By The News Service of Florida
On a busy day at the Florida Public Service Commission, the panel selected its chair for 2010-2012 and set energy conservation plan and fuel recovery costs for the investor-owned utilities.
In a widely expected move, the PSC chose Commissioner Nancy Argenziano to lead the panel when beleaguered current PSC Chairman Matthew Carter is replaced next month. The PSC also lowered the fuel recovery costs for customers of the state’s third largest power company and hiked the fees for customers of another large company, though bills for customers of both companies will increase because of other charges.
The commission also completed a review of conservation plans required by the Florida Energy Efficiency and Conservation Act, known as FEECA.
The panel also approved a Progress Energy contract for buying biomass energy.
Argenziano, a former Republican state senator from Dunnellon who will chair the PSC for a two-year term beginning Jan. 2, downplayed her ascension and cast herself as equal to the other members of the PSC.
“I appreciate the challenge and realize that the chairmanship is purely an administrative charge,” she said in a statement. “All PSC Commissioners are equal and independent appointees. Now, let’s get to work on the important decisions that lie ahead.”
Argenziano’s nomination was led by Carter, who has headed the panel since 2006 but was passed over for re-appointment this year by Gov. Charlie Crist when scandal rocked the PSC this fall.
Also, weeks after deciding that staff recommendations on the conservation goals of utilities were not stringent enough, the PSC completed today its every-five-year review of those goals, which FEECA requires the panel to do.
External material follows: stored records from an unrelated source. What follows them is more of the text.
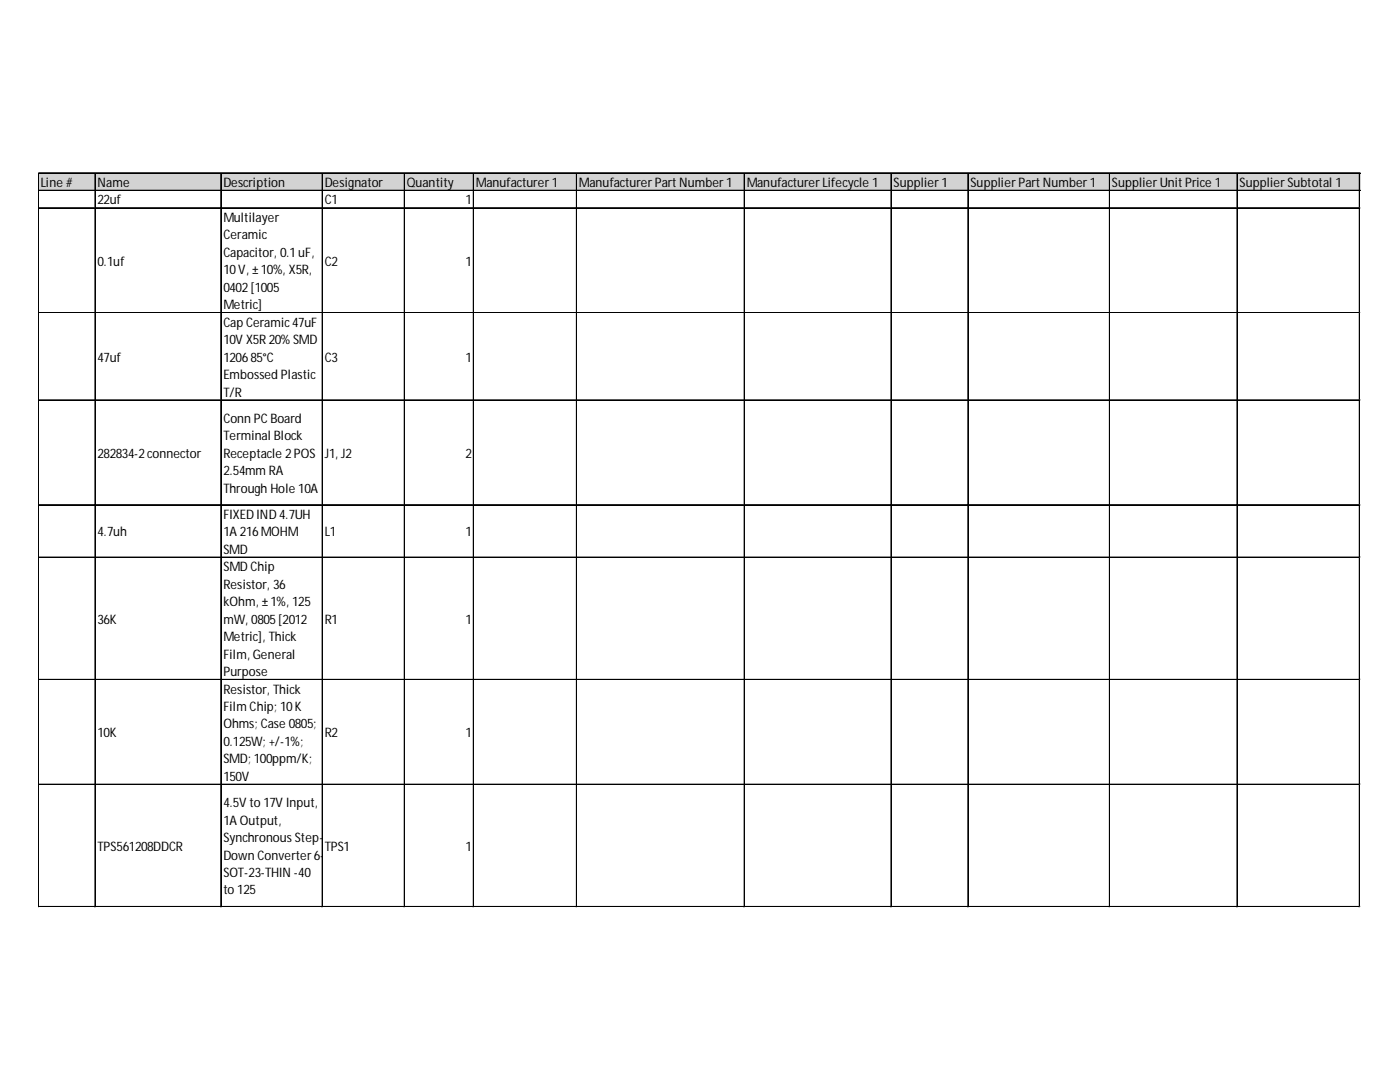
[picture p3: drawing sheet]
<svg xmlns="http://www.w3.org/2000/svg" width="279mm" height="216mm" viewBox="0 0 279 216" stroke-linecap="round" stroke-linejoin="round" font-family="sans-serif">
<defs><g id="words">
<g font-size="2.6">
<text x="8.1" y="37.3">Line #</text>
<text x="19.5" y="37.3">Name</text>
<text x="19.5" y="40.8">22uf</text>
<text x="44.6" y="37.3">Description</text>
<text x="64.8" y="37.3">Designator</text>
<text x="64.8" y="40.8">C1</text>
<text x="81.2" y="37.3">Quantity</text>
<text x="92.9" y="40.8">1</text>
<text x="95" y="37.3">Manufacturer1</text>
<text x="115.6" y="37.3">ManufacturerPartNumber1</text>
<text x="149" y="37.3">ManufacturerLifecycle 1</text>
<text x="178.3" y="37.3">Supplier1</text>
<text x="193.7" y="37.3">SupplierPartNumber1</text>
<text x="221.9" y="37.3">SupplierUnitPrice 1</text>
<text x="247.4" y="37.3">SupplierSubtotal 1</text>
<text x="44.6" y="44.3">Multilayer</text>
<text x="44.6" y="47.8">Ceramic</text>
<text x="19.5" y="53">0.1uf</text>
<text x="44.6" y="51.3">Capacitor, 0.1uF,</text>
<text x="64.8" y="53">C2</text>
<text x="92.9" y="53">1</text>
<text x="44.6" y="54.7">10V, ±10%, X5R,</text>
<text x="44.6" y="58.2">0402[1005</text>
<text x="44.6" y="61.7">Metric]</text>
<text x="44.6" y="65.2">Cap Ceramic47uF</text>
<text x="44.6" y="68.7">10V X5R20%SMD</text>
<text x="19.5" y="72.2">47uf</text>
<text x="44.6" y="72.2">120685°C</text>
<text x="44.6" y="75.7">Embossed Plastic</text>
<text x="64.8" y="72.2">C3</text>
<text x="92.9" y="72.2">1</text>
<text x="44.6" y="79.1">T/R</text>
<text x="44.6" y="84.4">Conn PCBoard</text>
<text x="44.6" y="87.9">Terminal Block</text>
<text x="19.5" y="91.3">282834-2connector</text>
<text x="44.6" y="91.3">Receptacle 2POS</text>
<text x="44.6" y="94.8">2.54mm RA</text>
<text x="64.8" y="91.3">J1, J2</text>
<text x="92.9" y="91.3">2</text>
<text x="44.6" y="98.3">Through Hole 10A</text>
<text x="19.5" y="107">4.7uh</text>
<text x="44.6" y="103.5">FIXED IND 4.7UH</text>
<text x="44.6" y="107">1A 216MOHM</text>
<text x="64.8" y="107">L1</text>
<text x="92.9" y="107">1</text>
<text x="44.6" y="110.5">SMD</text>
<text x="44.6" y="114">SMD Chip</text>
<text x="44.6" y="117.5">Resistor, 36</text>
<text x="19.5" y="124.4">36K</text>
<text x="44.6" y="121">kOhm, ±1%, 125</text>
<text x="44.6" y="124.4">mW, 0805[2012</text>
<text x="64.8" y="124.4">R1</text>
<text x="92.9" y="124.4">1</text>
<text x="44.6" y="127.9">Metric], Thick</text>
<text x="44.6" y="131.4">Film, General</text>
<text x="44.6" y="134.9">Purpose</text>
<text x="44.6" y="138.4">Resistor, Thick</text>
<text x="44.6" y="141.9">Film Chip; 10K</text>
<text x="19.5" y="147.1">10K</text>
<text x="44.6" y="145.4">Ohms; Case 0805;</text>
<text x="44.6" y="148.8">0.125W; +/-1%;</text>
<text x="64.8" y="147.1">R2</text>
<text x="92.9" y="147.1">1</text>
<text x="44.6" y="152.3">SMD; 100ppm/K;</text>
<text x="44.6" y="155.8">150V</text>
<text x="44.6" y="161">4.5V to 17V Input,</text>
<text x="44.6" y="164.5">1A Output,</text>
<text x="19.5" y="169.8">TPS561208DDCR</text>
<text x="44.6" y="168">SynchronousStep-</text>
<text x="44.6" y="171.5">Down Converter6-</text>
<text x="64.8" y="169.8">TPS1</text>
<text x="92.9" y="169.8">1</text>
<text x="44.6" y="175">SOT-23-THIN -40</text>
<text x="44.6" y="178.5">to 125</text>
</g>
</g></defs>
<path d="M7.7 34.6h263.8v3.5h-263.8z" fill="#d3d3d3"/>
<g fill="none" stroke="#000" stroke-width=".2">
<path d="M7.6 34.5v146.5M7.7 34.5v146.5M7.8 34.5h263.6M7.8 34.6h263.6M7.8 38h263.6M18.9 34.6v146.4M19 34.6v146.4M44.1 34.6v146.4M64.3 34.6v146.4M64.4 34.6v146.4M80.7 34.6v146.4M80.8 34.6v146.4"/>
<path d="M94.5 34.6v146.4M115 34.6v146.4M115.1 34.6v146.4M148.5 34.6v146.4M148.6 34.6v146.4M177.8 34.6v146.4M177.9 34.6v146.4M193.1 34.6v146.4M193.2 34.6v146.4M221.4 34.6v146.4M221.5 34.6v146.4M246.9 34.6v146.4"/>
<path d="M271.3 34.6v146.4M271.4 34.6v146.4M7.8 41.4h263.6M7.8 41.5h263.6M7.8 62.4h263.6M7.8 79.8h263.6M7.8 79.9h263.6M7.8 100.7h263.6M7.8 100.8h263.6M7.8 111.2h263.6M7.8 135.6h263.6M7.8 156.5h263.6"/>
<path d="M7.8 156.6h263.6M7.8 180.9h263.6M7.8 181h263.6"/>
</g>
<path d="M7.6 181v.1" fill="none" stroke="#d4d4d4" stroke-width=".2"/>
<path d="M7.6 181l.2 .1z" fill="#d4d4d4"/>
<path d="M18.9 181v.1" fill="none" stroke="#d4d4d4" stroke-width=".2"/>
<path d="M18.9 181l.2 .1z" fill="#d4d4d4"/>
<path d="M44.1 181v.1" fill="none" stroke="#d4d4d4" stroke-width=".2"/>
<path d="M44.1 181l.1 .1z" fill="#d4d4d4"/>
<path d="M64.3 181v.1" fill="none" stroke="#d4d4d4" stroke-width=".2"/>
<path d="M64.3 181l.2 .1z" fill="#d4d4d4"/>
<path d="M80.7 181v.1" fill="none" stroke="#d4d4d4" stroke-width=".2"/>
<path d="M80.7 181l.1 .1z" fill="#d4d4d4"/>
<path d="M94.5 181v.1" fill="none" stroke="#d4d4d4" stroke-width=".2"/>
<path d="M94.5 181l.1 .1z" fill="#d4d4d4"/>
<path d="M115 181v.1" fill="none" stroke="#d4d4d4" stroke-width=".2"/>
<path d="M115 181l.2 .1z" fill="#d4d4d4"/>
<path d="M148.5 181v.1" fill="none" stroke="#d4d4d4" stroke-width=".2"/>
<path d="M148.5 181l.2 .1z" fill="#d4d4d4"/>
<path d="M177.8 181v.1" fill="none" stroke="#d4d4d4" stroke-width=".2"/>
<path d="M177.8 181l.2 .1z" fill="#d4d4d4"/>
<path d="M193.1 181v.1" fill="none" stroke="#d4d4d4" stroke-width=".2"/>
<path d="M193.1 181l.2 .1z" fill="#d4d4d4"/>
<path d="M221.4 181v.1" fill="none" stroke="#d4d4d4" stroke-width=".2"/>
<path d="M221.4 181l.2 .1z" fill="#d4d4d4"/>
<path d="M246.9 181v.1" fill="none" stroke="#d4d4d4" stroke-width=".2"/>
<path d="M246.9 181l.1 .1z" fill="#d4d4d4"/>
<path d="M271.3 181v.1" fill="none" stroke="#d4d4d4" stroke-width=".2"/>
<path d="M271.3 181l.1 .1z" fill="#d4d4d4"/>
<path d="M271.4 41.4h.1" fill="none" stroke="#d4d4d4" stroke-width=".2"/>
<path d="M271.4 41.4l.1 .2z" fill="#d4d4d4"/>
<path d="M271.4 62.4h.1" fill="none" stroke="#d4d4d4" stroke-width=".2"/>
<path d="M271.4 62.4l.1 .1z" fill="#d4d4d4"/>
<path d="M271.4 79.8h.1" fill="none" stroke="#d4d4d4" stroke-width=".2"/>
<path d="M271.4 79.8l.1 .2z" fill="#d4d4d4"/>
<path d="M271.4 100.7h.1" fill="none" stroke="#d4d4d4" stroke-width=".2"/>
<path d="M271.4 100.7l.1 .2z" fill="#d4d4d4"/>
<path d="M271.4 111.2h.1" fill="none" stroke="#d4d4d4" stroke-width=".2"/>
<path d="M271.4 111.2l.1 .1z" fill="#d4d4d4"/>
<path d="M271.4 135.6h.1" fill="none" stroke="#d4d4d4" stroke-width=".2"/>
<path d="M271.4 135.6l.1 .1z" fill="#d4d4d4"/>
<path d="M271.4 156.5h.1" fill="none" stroke="#d4d4d4" stroke-width=".2"/>
<path d="M271.4 156.5l.1 .1z" fill="#d4d4d4"/>
<path d="M271.4 180.9h.1" fill="none" stroke="#d4d4d4" stroke-width=".2"/>
<path d="M271.4 180.9l.1 .1z" fill="#d4d4d4"/>
<use href="#words"/>
</svg>

Created by the Legislature in 1980 to guard against weather-related increases in electricity demand and reduce overall statewide consumption, FEECA applies to the four major publicly-regulated power companies - Florida Power & Light, Progress Energy, Gulf Power and Tampa Electric - as well as the Florida Public Utilities Co., Orlando Utilities Commission and JEA.
The original staff recommendation took issue with proposals from both the utility companies and several environmental groups to minimize the use of expensive resources like petroleum fuels and control the growth rates of electric consumption and weather-sensitive peak demand, saying that the utilities' suggestions had an "inconsistent inclusion of costs for unregulated greenhouse gas emissions" and used "inconsistent cost estimates."
But Tuesday, the PSC leaned more toward the robust goals favored by environmentalists, choosing an aggressive Enhanced Total Resource Cost test for measuring conservation over an Enhanced - Rate Impact Measure test, which focuses on the price of electricity by measuring savings from avoided use, but ignores related benefits to society at large. The panel also encouraged the utility companies to expand their conservation education and authorized up to $24.5 million dollars in incentives for customers who adopt solar water heaters and other energy efficient equipment.
Outgoing PSC chairman Carter hailed the decision for threading the needle between not costing customers too much money and not being tough enough on utilities.
“Energy efficiency is an effective conservation resource in Florida and should play a key role in meeting our growing electric energy needs,” Carter said in a statement after Tuesday’s meeting. “The goals we approved today are achievable, and customers who implement the programs will save on their energy bills by reducing utilities’ fuel costs and their need to build more power plants.”
Still, some environmentalists were disappointed that the PSC left other conservation options out of its adopted goals.
“The resulting goals leave a lot of customer savings on the table," Susan Glickman, a consultant with the Natural Resources Defense Council and Southern Alliance for Clean Energy, said in a statement. “Sadly, this keeps Florida in the back of the pack when compared to the leading states on energy efficiency.”